[[ Task input, beginning ]]

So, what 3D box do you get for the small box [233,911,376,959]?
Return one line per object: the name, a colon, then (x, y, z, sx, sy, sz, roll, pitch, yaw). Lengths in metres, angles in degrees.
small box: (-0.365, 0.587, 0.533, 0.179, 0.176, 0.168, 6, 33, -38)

[[ Task input, end ]]
[[ Task input, beginning ]]

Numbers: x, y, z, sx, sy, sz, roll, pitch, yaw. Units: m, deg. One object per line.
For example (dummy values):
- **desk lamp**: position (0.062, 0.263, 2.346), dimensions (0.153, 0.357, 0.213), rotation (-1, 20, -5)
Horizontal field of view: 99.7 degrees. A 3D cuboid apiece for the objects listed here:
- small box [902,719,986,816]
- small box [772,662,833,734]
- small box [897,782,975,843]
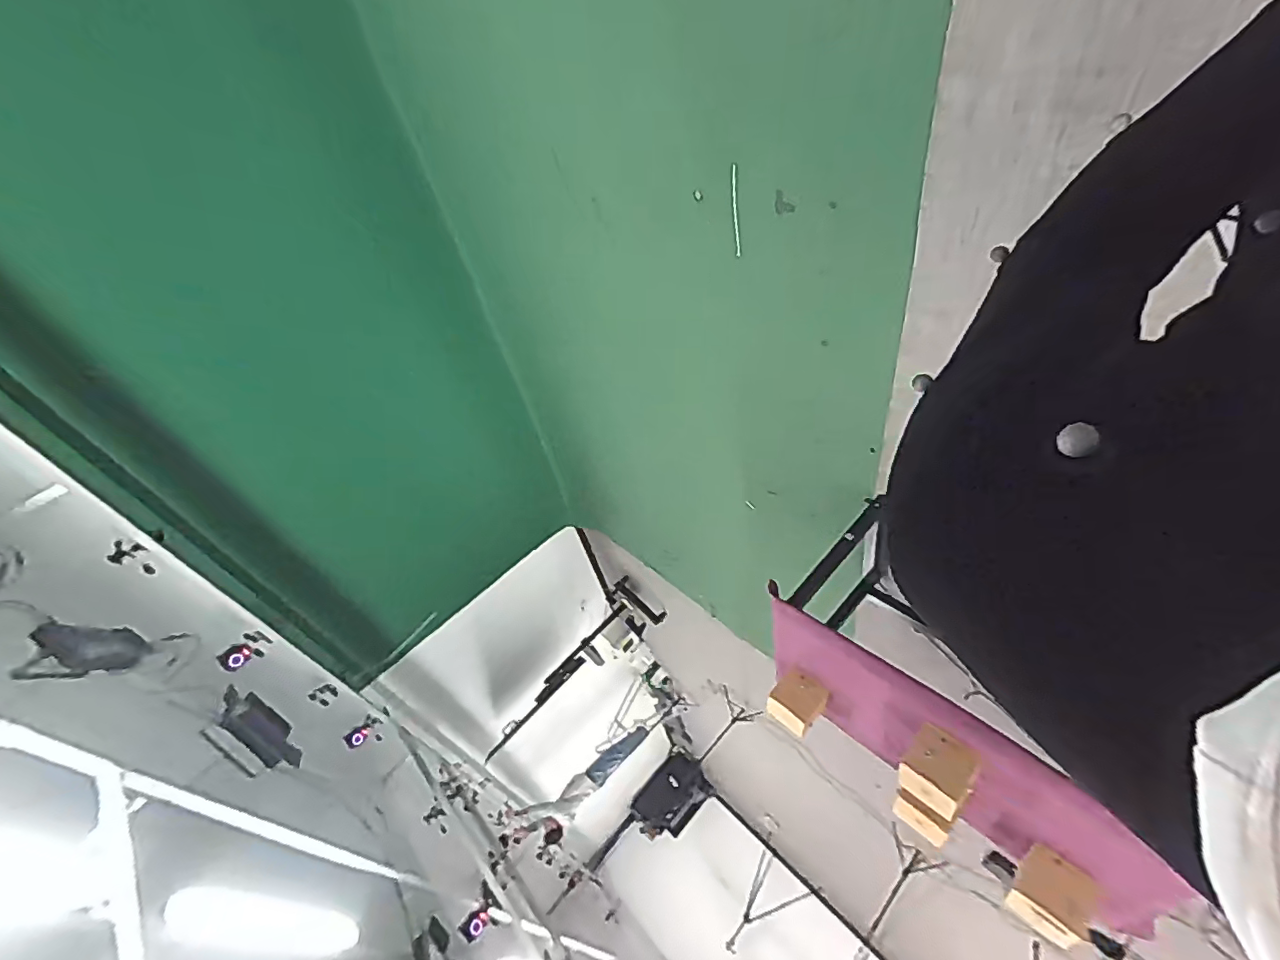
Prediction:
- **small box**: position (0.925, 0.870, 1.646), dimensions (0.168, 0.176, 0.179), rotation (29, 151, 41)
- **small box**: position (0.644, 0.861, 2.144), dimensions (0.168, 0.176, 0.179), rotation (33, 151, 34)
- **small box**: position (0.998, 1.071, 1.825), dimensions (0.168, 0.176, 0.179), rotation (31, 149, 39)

[[ Task input, end ]]

**Problem to solve**
Reproduce exactly, and only, the part of the listing above that begins at the line with "Numbers: x, y, z, sx, sy, sz, roll, pitch, yaw." and goes on through the line with "- **desk lamp**: position".

**Your solution**
Numbers: x, y, z, sx, sy, sz, roll, pitch, yaw. Units: m, deg. One object per line.
For example (dummy values):
- **desk lamp**: position (0.062, 0.263, 2.346), dimensions (0.153, 0.357, 0.213), rotation (-1, 20, -5)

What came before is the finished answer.